Tall 260mg Grande 330mg Venti 415mg

Venti=20oz, a 'cup' of coffee is typically considered to be 5-6 oz, so the numbers still line up.

It's also three shots (by default) making the lining up even clearer.

I've always thought that changes to receptors are how tolerance to any stimulant works.

I go cold-turkey every once in a while. I've just come off a 12-day abstinence, which was prompted by an eyelid twitch that I couldn't get rid off with simple sleep. Dropping caffeine did the trick.

The best part is the first morning coffee after a long abstinence: you feel wired, motivated and productive like you've never been before.

My observations seem to differ. Every now and then I slip into increasing my dose. But, for 90% of the time I drink one shot of espresso in the morning. It keeps me alert for most of the day. When I feel a bit bored or lazy after lunch, I'd have another one. If I keep doing that for a week, I realise the days when I don't I get particularly sleepy and low energy. 3 days after sticking to morning coffee only reverts me back to previous energy levels. I'd say if you are disciplined with your dose, it helps just the same as it did when you started drinking it.

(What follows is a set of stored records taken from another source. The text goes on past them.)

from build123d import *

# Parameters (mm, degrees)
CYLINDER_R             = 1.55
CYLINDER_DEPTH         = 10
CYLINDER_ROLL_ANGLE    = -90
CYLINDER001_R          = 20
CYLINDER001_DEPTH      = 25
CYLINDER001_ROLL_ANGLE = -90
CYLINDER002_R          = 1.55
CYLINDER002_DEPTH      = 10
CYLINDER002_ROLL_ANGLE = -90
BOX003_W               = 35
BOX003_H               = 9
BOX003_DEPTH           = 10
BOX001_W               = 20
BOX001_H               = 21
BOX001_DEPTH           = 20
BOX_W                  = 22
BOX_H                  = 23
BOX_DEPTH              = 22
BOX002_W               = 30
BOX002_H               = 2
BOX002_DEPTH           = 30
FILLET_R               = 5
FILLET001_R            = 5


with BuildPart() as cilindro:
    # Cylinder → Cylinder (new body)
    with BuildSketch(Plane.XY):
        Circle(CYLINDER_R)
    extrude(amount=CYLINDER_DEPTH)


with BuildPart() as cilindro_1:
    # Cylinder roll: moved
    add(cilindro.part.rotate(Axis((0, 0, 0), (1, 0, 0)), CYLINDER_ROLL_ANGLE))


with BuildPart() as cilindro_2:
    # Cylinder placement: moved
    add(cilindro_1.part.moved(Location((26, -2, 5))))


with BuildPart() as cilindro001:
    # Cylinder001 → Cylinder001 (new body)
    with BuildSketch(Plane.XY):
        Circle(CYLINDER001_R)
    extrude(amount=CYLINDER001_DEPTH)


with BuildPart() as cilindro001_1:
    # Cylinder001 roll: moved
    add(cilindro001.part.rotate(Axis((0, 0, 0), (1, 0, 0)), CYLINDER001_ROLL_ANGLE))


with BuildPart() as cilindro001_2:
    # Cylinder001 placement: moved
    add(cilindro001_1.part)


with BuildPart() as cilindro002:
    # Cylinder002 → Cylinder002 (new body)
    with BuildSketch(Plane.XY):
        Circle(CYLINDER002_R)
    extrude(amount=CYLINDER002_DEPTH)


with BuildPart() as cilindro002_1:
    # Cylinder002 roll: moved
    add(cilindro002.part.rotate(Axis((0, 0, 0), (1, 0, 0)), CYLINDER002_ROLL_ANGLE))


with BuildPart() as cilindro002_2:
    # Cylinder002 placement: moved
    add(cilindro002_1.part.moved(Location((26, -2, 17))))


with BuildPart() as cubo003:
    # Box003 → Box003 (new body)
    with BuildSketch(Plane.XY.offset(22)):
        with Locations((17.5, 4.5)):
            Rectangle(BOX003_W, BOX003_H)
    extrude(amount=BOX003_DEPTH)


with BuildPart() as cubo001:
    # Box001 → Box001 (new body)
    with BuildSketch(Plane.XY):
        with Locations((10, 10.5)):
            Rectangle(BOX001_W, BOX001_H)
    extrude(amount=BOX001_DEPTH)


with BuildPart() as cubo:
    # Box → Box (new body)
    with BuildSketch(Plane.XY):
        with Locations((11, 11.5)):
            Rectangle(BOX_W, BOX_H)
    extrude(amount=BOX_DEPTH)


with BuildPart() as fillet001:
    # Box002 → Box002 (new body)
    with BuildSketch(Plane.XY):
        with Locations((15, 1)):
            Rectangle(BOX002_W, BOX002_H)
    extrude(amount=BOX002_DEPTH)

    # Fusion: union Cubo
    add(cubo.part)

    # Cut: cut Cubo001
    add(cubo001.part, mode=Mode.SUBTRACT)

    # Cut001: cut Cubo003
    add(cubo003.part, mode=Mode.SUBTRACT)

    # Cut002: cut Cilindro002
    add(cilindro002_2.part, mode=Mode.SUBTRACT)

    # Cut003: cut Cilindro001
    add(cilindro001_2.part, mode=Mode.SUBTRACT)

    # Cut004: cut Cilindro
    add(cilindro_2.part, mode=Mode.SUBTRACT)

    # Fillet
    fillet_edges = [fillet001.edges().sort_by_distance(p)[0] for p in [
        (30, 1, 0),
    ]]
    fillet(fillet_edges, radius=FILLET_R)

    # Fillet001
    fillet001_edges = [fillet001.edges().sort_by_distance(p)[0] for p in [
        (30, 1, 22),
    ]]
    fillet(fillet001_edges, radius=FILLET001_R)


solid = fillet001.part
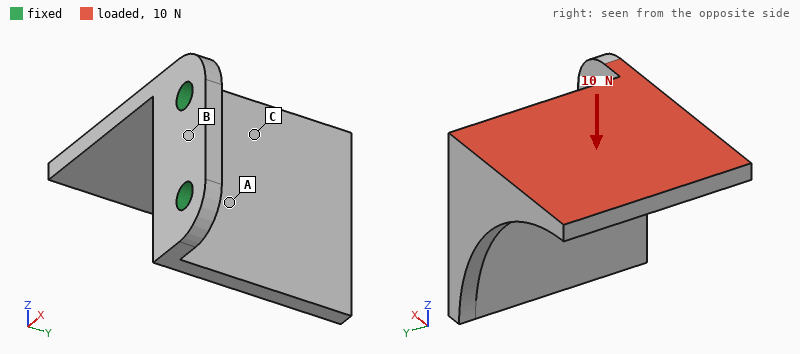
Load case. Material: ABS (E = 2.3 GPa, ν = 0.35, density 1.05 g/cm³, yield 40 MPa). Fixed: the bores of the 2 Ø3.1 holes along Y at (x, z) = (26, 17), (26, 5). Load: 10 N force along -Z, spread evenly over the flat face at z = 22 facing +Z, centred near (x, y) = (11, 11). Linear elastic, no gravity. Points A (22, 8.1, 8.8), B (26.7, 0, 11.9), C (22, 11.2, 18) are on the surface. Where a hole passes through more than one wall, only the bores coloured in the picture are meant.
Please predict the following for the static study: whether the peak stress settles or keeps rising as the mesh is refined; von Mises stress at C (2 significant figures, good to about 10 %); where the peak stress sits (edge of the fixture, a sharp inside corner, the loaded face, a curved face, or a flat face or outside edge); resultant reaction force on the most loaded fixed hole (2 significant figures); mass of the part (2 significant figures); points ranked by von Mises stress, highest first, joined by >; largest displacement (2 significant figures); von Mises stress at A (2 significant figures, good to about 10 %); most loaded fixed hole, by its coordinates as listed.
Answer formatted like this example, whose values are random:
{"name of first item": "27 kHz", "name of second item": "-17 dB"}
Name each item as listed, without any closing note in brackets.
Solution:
{"whether the peak stress settles or keeps rising as the mesh is refined": "keeps rising", "von Mises stress at C": "2.8 MPa", "where the peak stress sits": "a sharp inside corner", "resultant reaction force on the most loaded fixed hole": "14 N", "mass of the part": "2.5 g", "points ranked by von Mises stress, highest first, joined by >": "C > A > B", "largest displacement": "0.44 mm", "von Mises stress at A": "1.7 MPa", "most loaded fixed hole, by its coordinates as listed": "(26, 5)"}
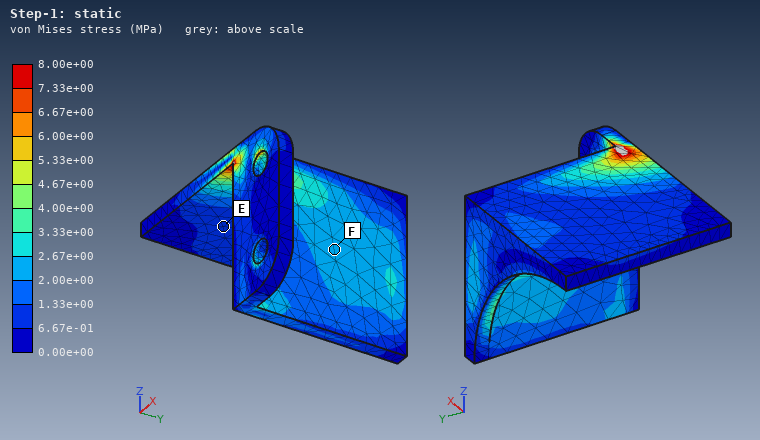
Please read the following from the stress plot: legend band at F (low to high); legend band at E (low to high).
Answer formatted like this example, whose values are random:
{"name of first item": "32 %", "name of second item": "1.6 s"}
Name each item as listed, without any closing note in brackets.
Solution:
{"legend band at F": "2.00e+00 to 2.67e+00 MPa", "legend band at E": "6.67e-01 to 1.33e+00 MPa"}
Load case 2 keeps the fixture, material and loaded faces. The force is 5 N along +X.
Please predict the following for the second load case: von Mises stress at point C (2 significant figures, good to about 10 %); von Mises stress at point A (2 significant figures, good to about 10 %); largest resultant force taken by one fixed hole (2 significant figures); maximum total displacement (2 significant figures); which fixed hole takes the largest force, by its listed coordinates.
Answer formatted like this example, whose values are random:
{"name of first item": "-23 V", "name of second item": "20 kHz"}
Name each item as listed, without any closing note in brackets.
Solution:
{"von Mises stress at point C": "0.65 MPa", "von Mises stress at point A": "1.6 MPa", "largest resultant force taken by one fixed hole": "6.2 N", "maximum total displacement": "0.44 mm", "which fixed hole takes the largest force, by its listed coordinates": "(26, 17)"}
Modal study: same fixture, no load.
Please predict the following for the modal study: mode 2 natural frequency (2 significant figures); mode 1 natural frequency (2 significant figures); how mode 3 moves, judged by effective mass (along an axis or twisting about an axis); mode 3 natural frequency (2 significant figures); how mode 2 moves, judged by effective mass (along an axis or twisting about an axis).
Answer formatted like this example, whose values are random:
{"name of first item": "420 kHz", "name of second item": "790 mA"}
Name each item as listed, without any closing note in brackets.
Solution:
{"mode 2 natural frequency": "870 Hz", "mode 1 natural frequency": "440 Hz", "how mode 3 moves, judged by effective mass": "along Z", "mode 3 natural frequency": "2000 Hz", "how mode 2 moves, judged by effective mass": "along Z"}

Is drinking coffee on an empty stomach actually considered harmful? I do it daily every day of the week. My first meal of the day is lunch a few hours after I've had either an Americano with 2-3 shots of espresso, or a regular coffee with 1-2 espresso shots in it. Almost always black.

On a low carb diet, I get GI distress generally after eating lunch, but outside of dieting I haven't noticed any adverse effects related to it. I've been doing this every weekday for over 2 years now.

"Doctor, doctor! I haven't any symptoms!"

I remember reading this on HN like 4 years ago and have been trying to find it again ever since! Thanks for posting.

Ah yes - previous discussion, 37 comments. 108/125 points depending on who you ask ;)


That's eloquent and evocative, and resonates just as well today, 200 years later. I was going to comment on how such a mundane observation from long ago makes for an interesting read in and of itself, but it's clear from the content that this wasn't a condition oft-encountered by common folk; there was significant social stratification that made coffee (and coffeehouses) a pastime or performance-enhancing substance of the haute and petite bourgeoisie and not of everyday wage-earners, while the same is hardly true today.

From nightshift millennials to busy gen-X professionals, from the purpose-oriented to the traditionalists, from the pines of the Nordics to the pampas of South America, the populace of lots of countries is quite caffeinated throughout.

Reading that essay, I kept thinking if his next step would be inserting the coffee rectally. I'm surprised he never got to that point.

Would love to find the original french.